Search code examples
rmachine-learningr-caretglm

How to extract RMSE from models built using caret?


I have built a glm model using R package "caret" and I'd like to assess its performance using RMSE. I notice that the two RMSEs are different and I wonder which one is the real RMSE?
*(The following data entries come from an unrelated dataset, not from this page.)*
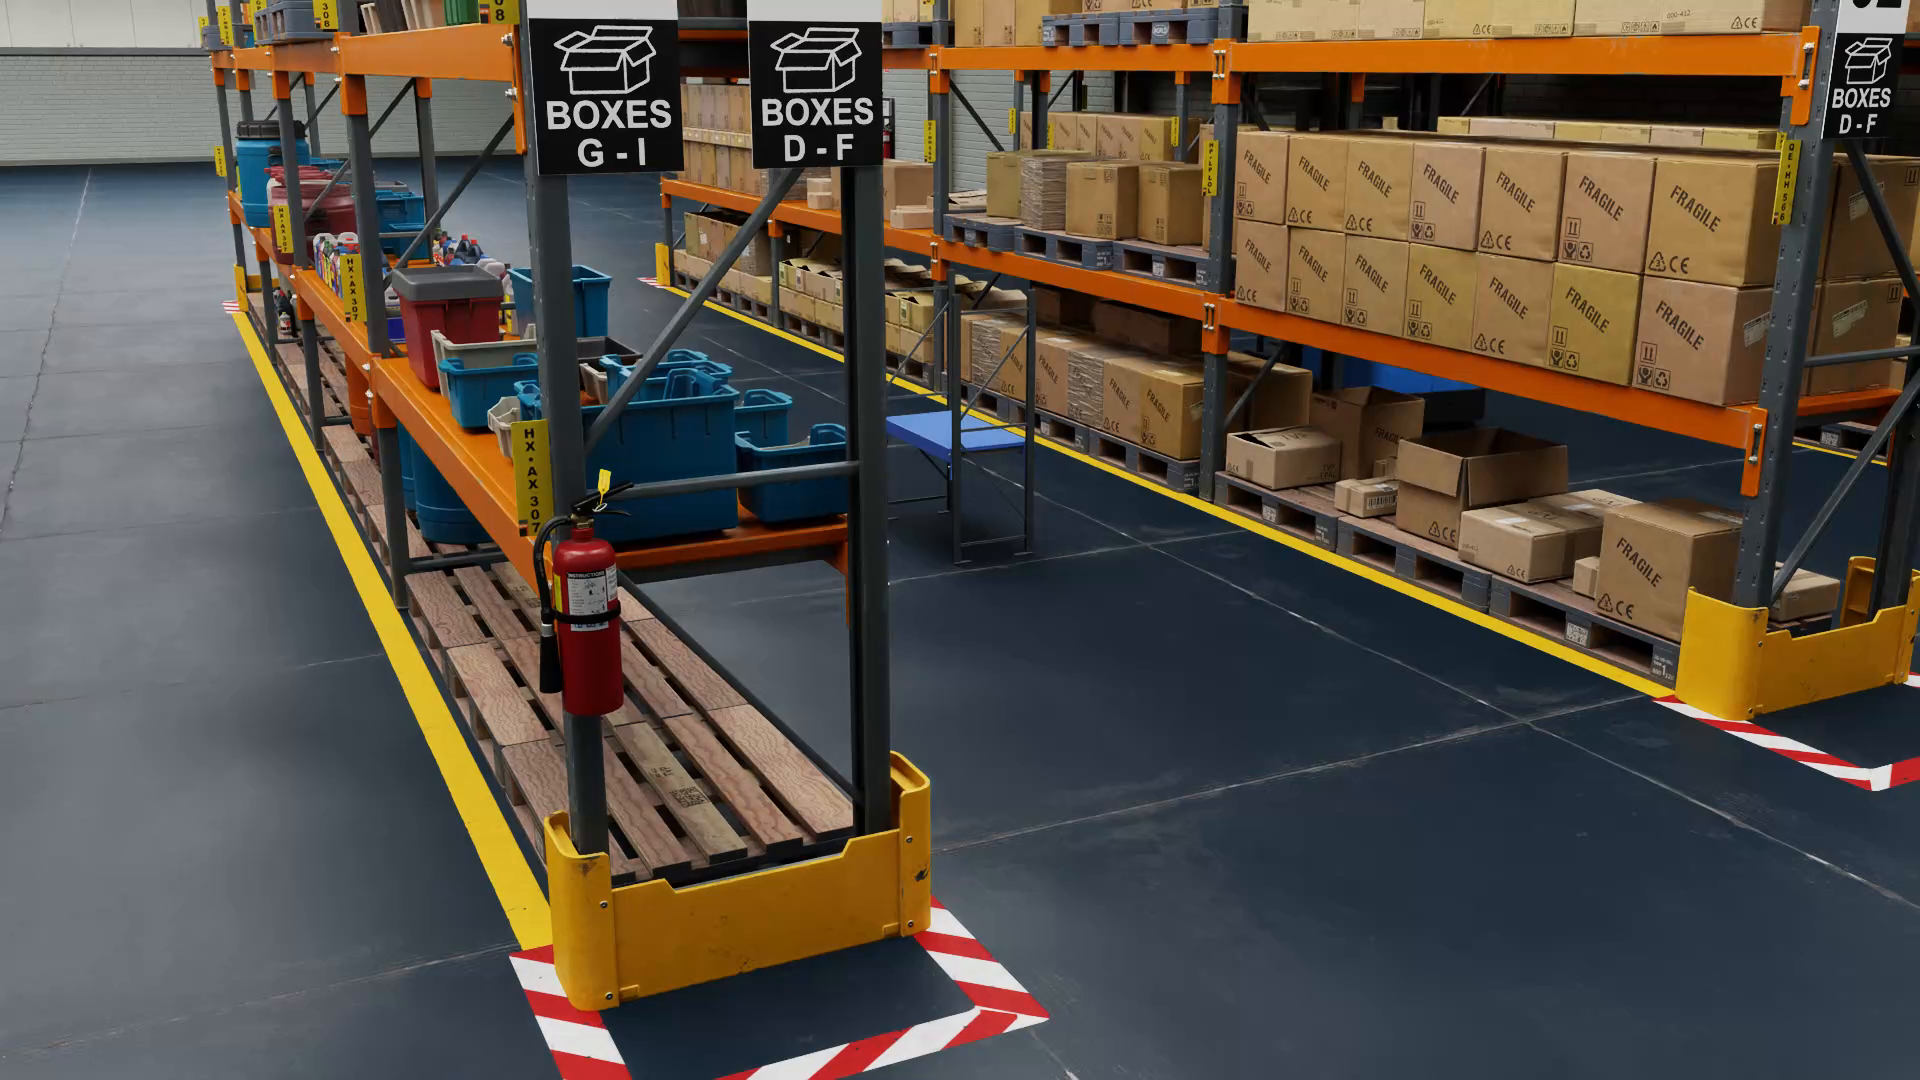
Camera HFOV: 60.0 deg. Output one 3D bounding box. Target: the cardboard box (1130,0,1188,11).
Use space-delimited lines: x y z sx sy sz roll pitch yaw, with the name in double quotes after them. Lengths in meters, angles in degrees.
1.539 -3.788 10.951 0.600 0.600 0.600 -8 18 -26 "cardboard box"

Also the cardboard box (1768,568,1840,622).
3.884 0.254 7.799 0.380 0.149 0.250 -8 18 -25 "cardboard box"

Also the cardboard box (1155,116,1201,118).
2.712 -4.903 20.275 0.500 0.500 0.500 -8 18 -25 "cardboard box"

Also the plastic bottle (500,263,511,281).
-2.614 -1.461 9.614 0.061 0.283 0.133 -8 18 -25 "plastic bottle"

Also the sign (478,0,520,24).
-1.183 -1.483 4.232 0.100 0.325 0.005 -8 18 -25 "sign"

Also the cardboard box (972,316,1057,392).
0.431 -1.477 13.193 0.500 0.500 0.500 -8 18 -27 "cardboard box"

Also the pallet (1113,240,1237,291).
1.754 -1.871 11.179 1.003 0.211 1.213 -8 18 -25 "pallet"

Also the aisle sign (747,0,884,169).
-0.397 -1.430 4.582 0.394 0.787 0.004 -8 18 -25 "aisle sign"

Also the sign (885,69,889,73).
-1.306 -8.491 29.698 0.001 0.298 0.199 -8 18 -25 "sign"

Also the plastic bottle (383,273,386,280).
-3.145 -1.319 8.997 0.144 0.351 0.185 -8 18 -25 "plastic bottle"

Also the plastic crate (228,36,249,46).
-7.019 -4.802 16.085 0.243 0.136 0.396 -8 18 -25 "plastic crate"

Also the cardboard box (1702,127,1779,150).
6.023 -2.997 12.640 0.500 0.250 0.500 -7 18 -24 "cardboard box"

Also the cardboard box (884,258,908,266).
-0.830 -2.691 16.897 0.500 0.311 0.500 -7 17 -23 "cardboard box"

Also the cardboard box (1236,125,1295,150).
3.384 -4.325 18.403 0.700 0.500 0.500 -6 17 -19 "cardboard box"

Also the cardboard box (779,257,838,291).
-1.541 -2.752 17.111 0.500 0.311 0.500 -8 18 -25 "cardboard box"

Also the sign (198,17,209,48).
-8.202 -5.510 18.059 0.100 0.325 0.005 -8 18 -25 "sign"

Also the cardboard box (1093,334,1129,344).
1.337 -1.292 12.549 0.500 0.500 0.500 -8 18 -27 "cardboard box"

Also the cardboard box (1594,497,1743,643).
3.299 0.125 7.610 0.500 0.500 0.500 -8 18 -25 "cardboard box"

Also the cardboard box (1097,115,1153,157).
2.033 -4.962 20.479 0.500 0.500 0.500 -8 18 -26 "cardboard box"

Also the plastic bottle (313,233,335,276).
-4.301 -1.940 11.297 0.152 0.276 0.135 -8 18 -25 "plastic bottle"

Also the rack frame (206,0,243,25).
-7.705 -7.013 17.875 1.000 3.000 0.127 -8 18 -25 "rack frame"

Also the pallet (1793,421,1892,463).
6.721 -0.813 12.200 1.003 0.211 1.213 -8 18 -25 "pallet"

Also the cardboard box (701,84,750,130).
-2.578 -5.014 19.250 0.700 0.500 0.500 -8 18 -25 "cardboard box"

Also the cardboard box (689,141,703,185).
-2.823 -4.528 19.911 0.700 0.500 0.500 -7 17 -23 "cardboard box"

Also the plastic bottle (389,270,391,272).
-3.188 -1.386 9.376 0.097 0.271 0.097 0 16 0 "plastic bottle"

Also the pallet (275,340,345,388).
-5.574 -1.607 14.969 1.003 0.211 1.213 -8 18 -25 "pallet"

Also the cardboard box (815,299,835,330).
-1.092 -2.230 16.309 0.500 0.250 0.500 -8 18 -27 "cardboard box"

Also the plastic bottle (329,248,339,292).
-3.913 -1.700 10.472 0.097 0.271 0.097 0 16 0 "plastic bottle"

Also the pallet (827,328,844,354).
-0.602 -1.914 16.038 1.003 0.211 1.213 -8 18 -25 "pallet"

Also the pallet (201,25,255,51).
-6.357 -4.656 15.441 1.213 0.211 1.003 -8 18 -25 "pallet"

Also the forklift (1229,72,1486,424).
3.067 -2.615 13.551 1.130 2.935 3.031 -5 17 -18 "forklift"

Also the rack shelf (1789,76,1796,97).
7.334 -2.951 10.463 1.077 0.370 4.000 -8 18 -25 "rack shelf"

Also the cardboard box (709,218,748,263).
-2.561 -3.436 19.149 0.500 0.500 0.500 -8 18 -25 "cardboard box"

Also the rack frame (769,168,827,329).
-1.498 -3.735 17.329 1.000 3.000 0.127 -8 18 -25 "rack frame"

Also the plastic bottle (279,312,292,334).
-6.392 -2.056 15.754 0.097 0.201 0.097 0 16 0 "plastic bottle"

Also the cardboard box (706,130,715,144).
-2.706 -4.644 19.140 0.380 0.149 0.250 -8 18 -26 "cardboard box"

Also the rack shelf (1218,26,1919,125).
2.883 -2.352 8.374 1.077 0.370 4.000 -8 18 -25 "rack shelf"

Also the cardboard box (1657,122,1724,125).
6.031 -3.310 13.732 0.500 0.250 0.500 -8 18 -27 "cardboard box"

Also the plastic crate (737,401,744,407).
-0.871 -0.423 6.156 0.250 0.136 0.298 -8 18 -25 "plastic crate"

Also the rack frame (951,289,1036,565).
0.185 -0.616 9.178 0.500 1.500 0.032 -8 18 -25 "rack frame"

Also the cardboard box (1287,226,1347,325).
2.212 -1.514 9.406 0.500 0.500 0.500 -7 18 -24 "cardboard box"

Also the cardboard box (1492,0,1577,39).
2.857 -2.473 7.763 0.500 0.250 0.500 -8 18 -25 "cardboard box"

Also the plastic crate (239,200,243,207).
-6.892 -3.383 16.579 0.530 0.136 0.437 -8 18 -25 "plastic crate"

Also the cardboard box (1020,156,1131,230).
0.860 -2.601 12.433 0.700 0.500 0.500 -4 17 -14 "cardboard box"

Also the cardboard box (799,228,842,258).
-1.420 -3.129 18.079 0.500 0.500 0.500 -8 18 -25 "cardboard box"

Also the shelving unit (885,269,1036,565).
-0.037 -0.742 9.617 0.538 1.500 1.048 -8 18 -25 "shelving unit"

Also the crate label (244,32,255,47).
-7.182 -4.996 16.553 0.502 0.251 0.408 -8 18 -25 "crate label"

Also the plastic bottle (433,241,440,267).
-3.605 -1.971 11.540 0.097 0.201 0.097 0 16 0 "plastic bottle"

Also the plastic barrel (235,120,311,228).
-6.056 -3.246 14.716 0.600 0.901 0.708 -8 18 -25 "plastic barrel"

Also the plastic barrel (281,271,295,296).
-7.128 -2.857 18.018 0.421 0.512 0.421 0 16 0 "plastic barrel"

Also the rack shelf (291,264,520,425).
-3.324 -1.304 10.161 1.077 0.370 4.000 -8 18 -25 "rack shelf"

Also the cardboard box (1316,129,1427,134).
2.461 -2.186 9.937 0.500 0.500 0.500 -8 18 -25 "cardboard box"

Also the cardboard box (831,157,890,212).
-0.946 -3.460 16.189 0.500 0.500 0.500 -6 17 -21 "cardboard box"
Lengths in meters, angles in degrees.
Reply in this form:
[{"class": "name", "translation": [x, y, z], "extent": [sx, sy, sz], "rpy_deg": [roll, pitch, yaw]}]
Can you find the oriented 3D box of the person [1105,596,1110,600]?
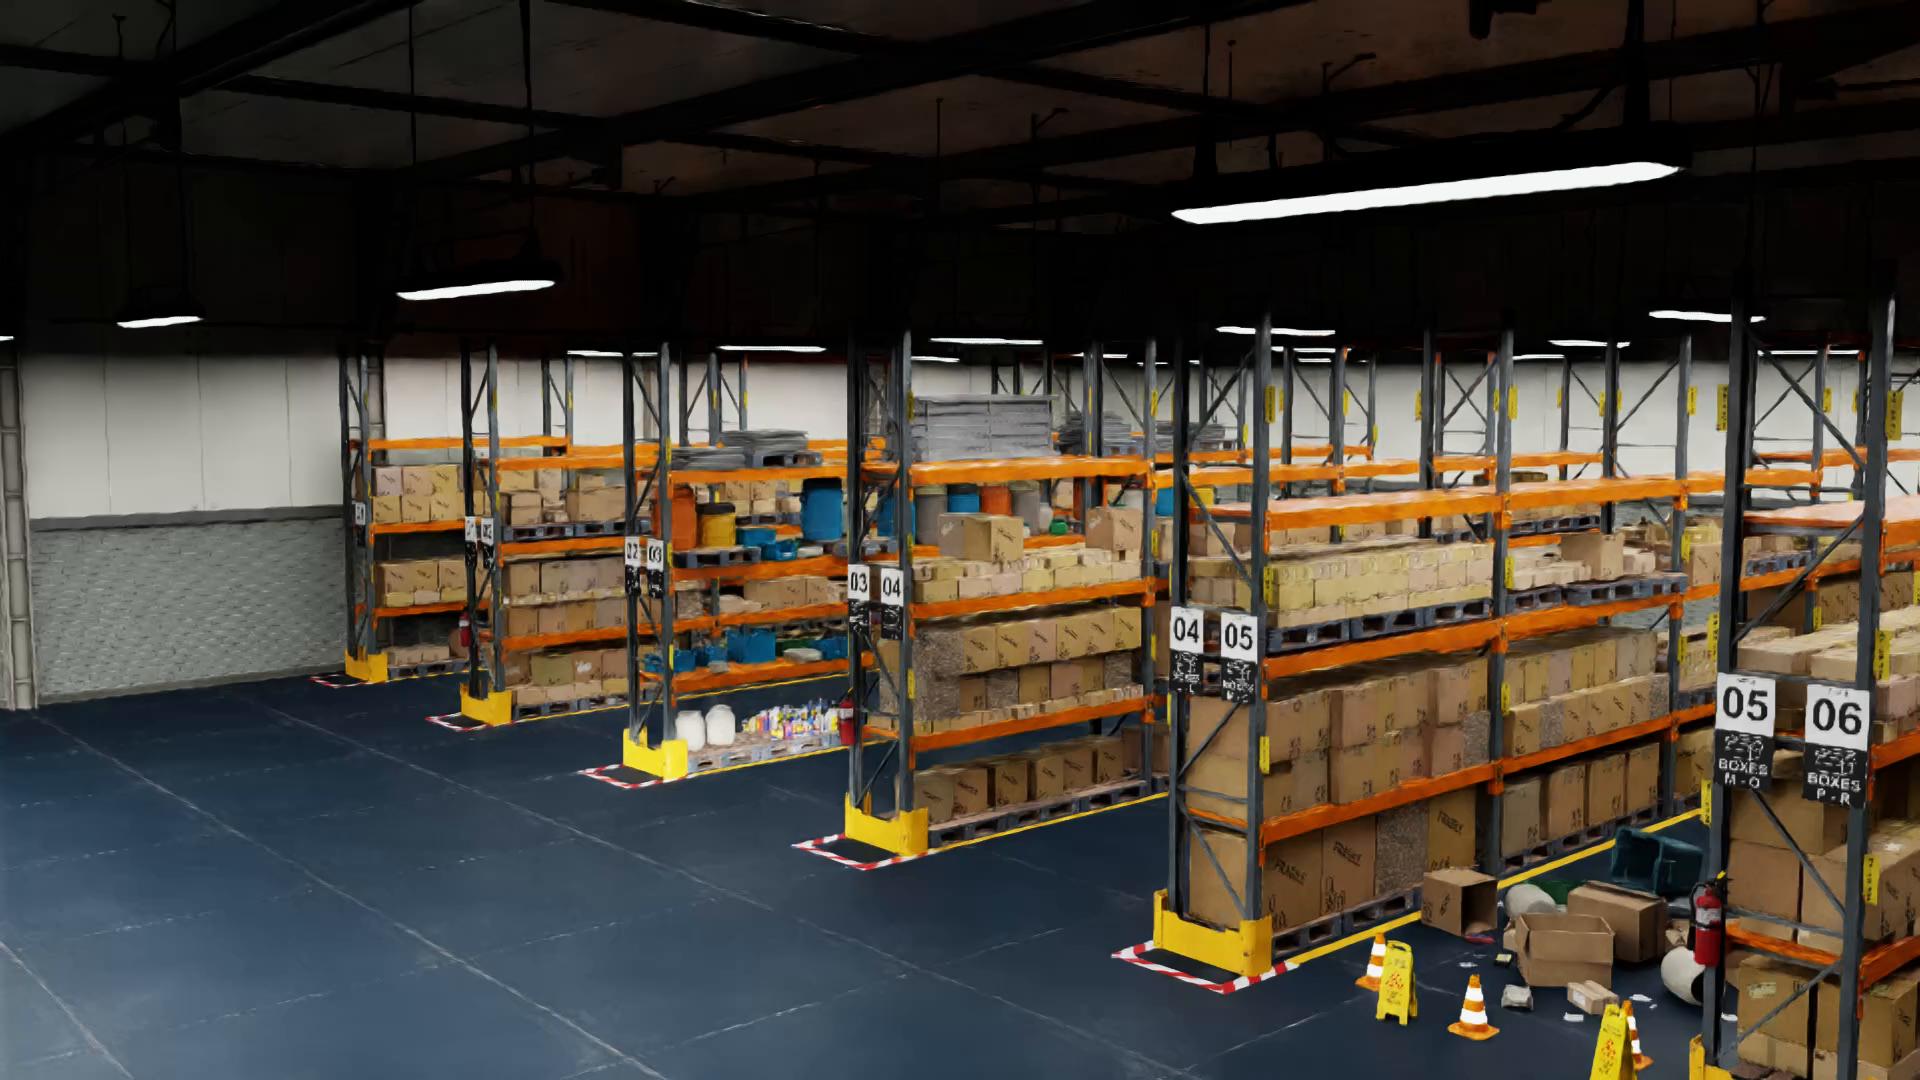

Also, how can I extract each fold (5*5=25 in total) of the training data, test data, and predicted data (based on the optimal tuned parameter) from the model?

library(caret)
data("mtcars")
set.seed(100)
mydata = mtcars[, -c(8,9)]

model_glm <- train(
  hp ~ ., 
  data = mydata, 
  method = "glm", 
  metric = "RMSE", 
  preProcess = c('center', 'scale'), 
  trControl = trainControl(
    method = "repeatedcv", 
    number = 5, 
    repeats = 5, 
    verboseIter = TRUE
  )
)

GLM.pred = predict(model_glm, subset(mydata, select = -hp))
RMSE(pred = GLM.pred, obs = mydata$hp)      # 21.89
model_glm$results$RMSE                      # 32.16

Solution

  • With the following code, I get :

    sqrt(mean((mydata$hp - predict(model_glm)) ^ 2))
    [1] 21.89127
    

    This suggests that the real is "RMSE(pred = GLM.pred, obs = mydata$hp)"

    Also, you have

    model_glm$resample$RMSE
     [1] 28.30254 34.69966 25.55273 25.29981 40.78493 31.91056 25.05311 41.83223 26.68105 23.64629 27.98388 25.98827 45.26982 37.28214
    [15] 38.13617 31.14513 23.35353 42.05274 34.04761 35.17733 28.28838 35.89639 21.42580 45.17860 29.13998
    

    which is the RMSE for each of the 25 CV. Also, we have

    mean(model_glm$resample$RMSE)
    32.16515
    

    So, the 32.16 is the average of the RMSE of the 25 CV. The 21.89 is the RMSE on the original dataset.